◆ **Problem description**: Give back the entries that follow exactly as written. Any picture gets left out.

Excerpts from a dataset
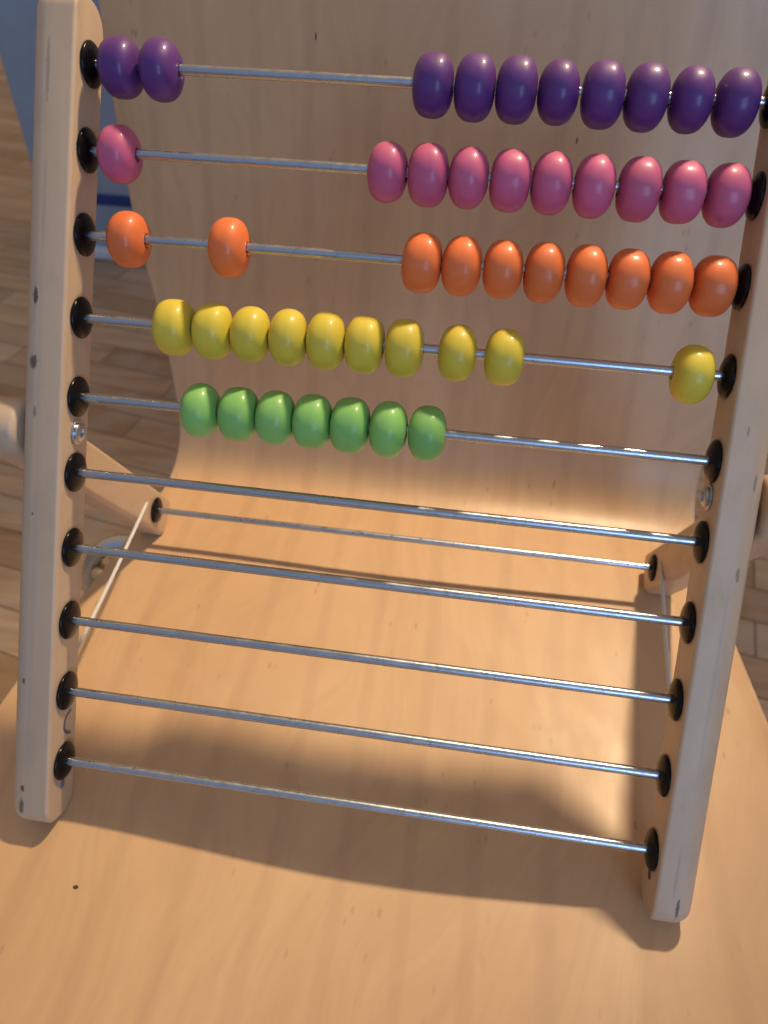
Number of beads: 47
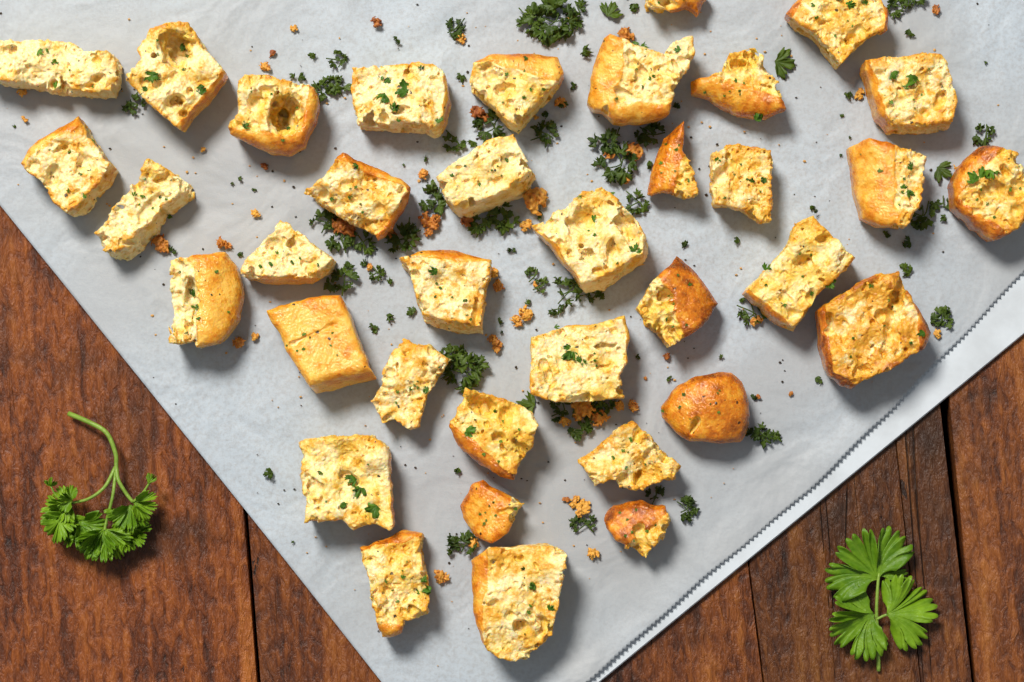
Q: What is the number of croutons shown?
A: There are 36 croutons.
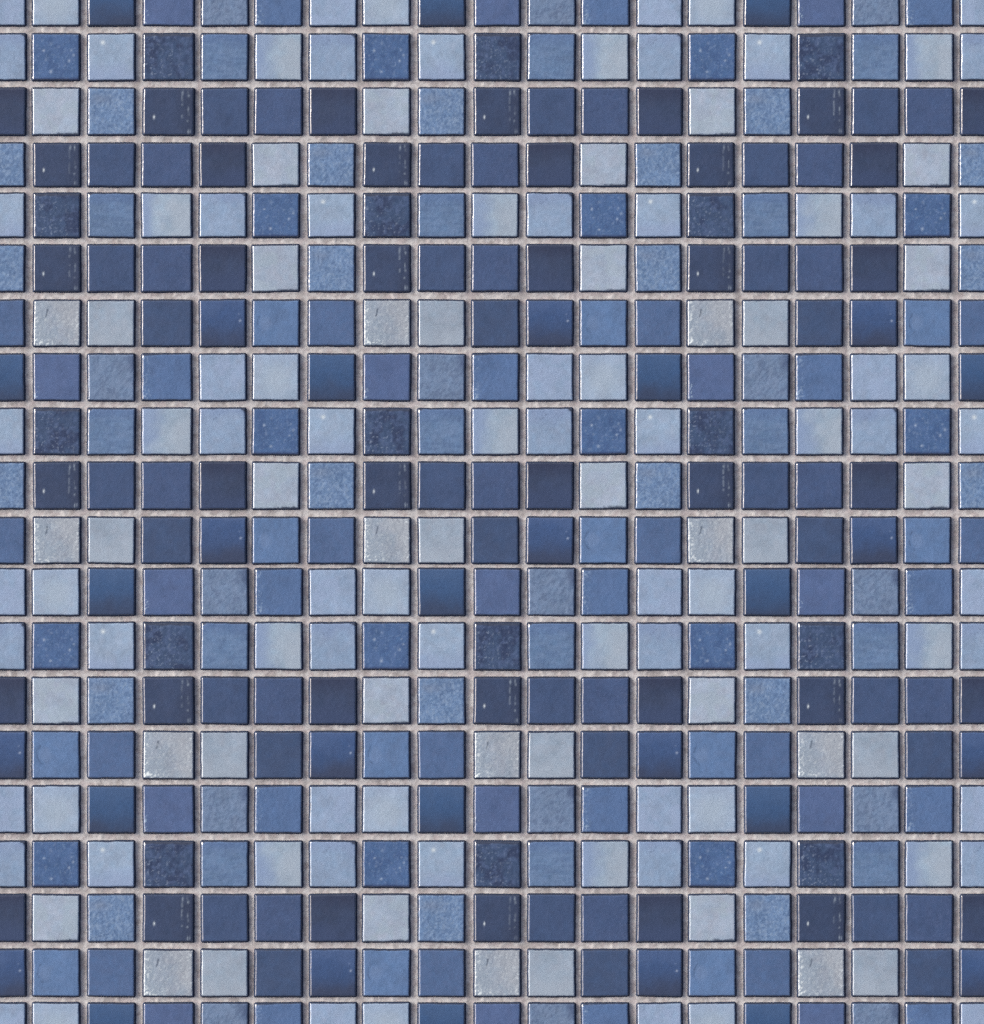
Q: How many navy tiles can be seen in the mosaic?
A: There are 132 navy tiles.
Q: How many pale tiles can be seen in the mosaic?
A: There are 126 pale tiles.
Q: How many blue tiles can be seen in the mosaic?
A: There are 122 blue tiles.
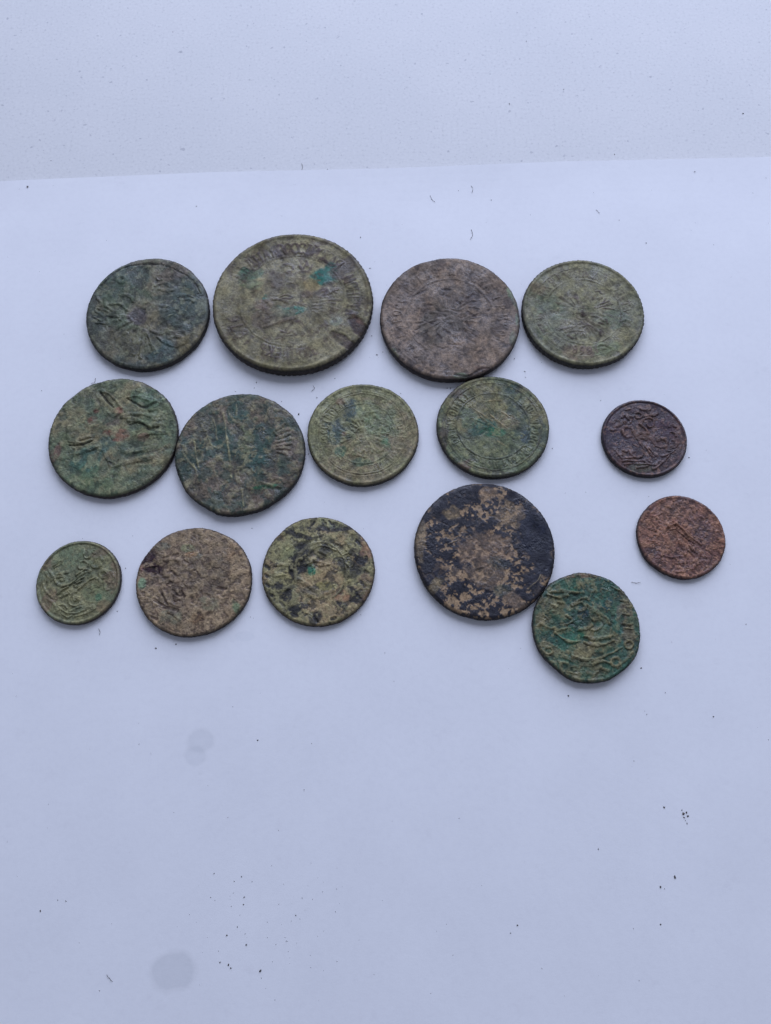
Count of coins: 15

◆ **Written answer**:
Number of beads: 47
Q: What is the number of croutons shown?
A: There are 36 croutons.
Q: How many navy tiles can be seen in the mosaic?
A: There are 132 navy tiles.
Q: How many pale tiles can be seen in the mosaic?
A: There are 126 pale tiles.
Q: How many blue tiles can be seen in the mosaic?
A: There are 122 blue tiles.
Count of coins: 15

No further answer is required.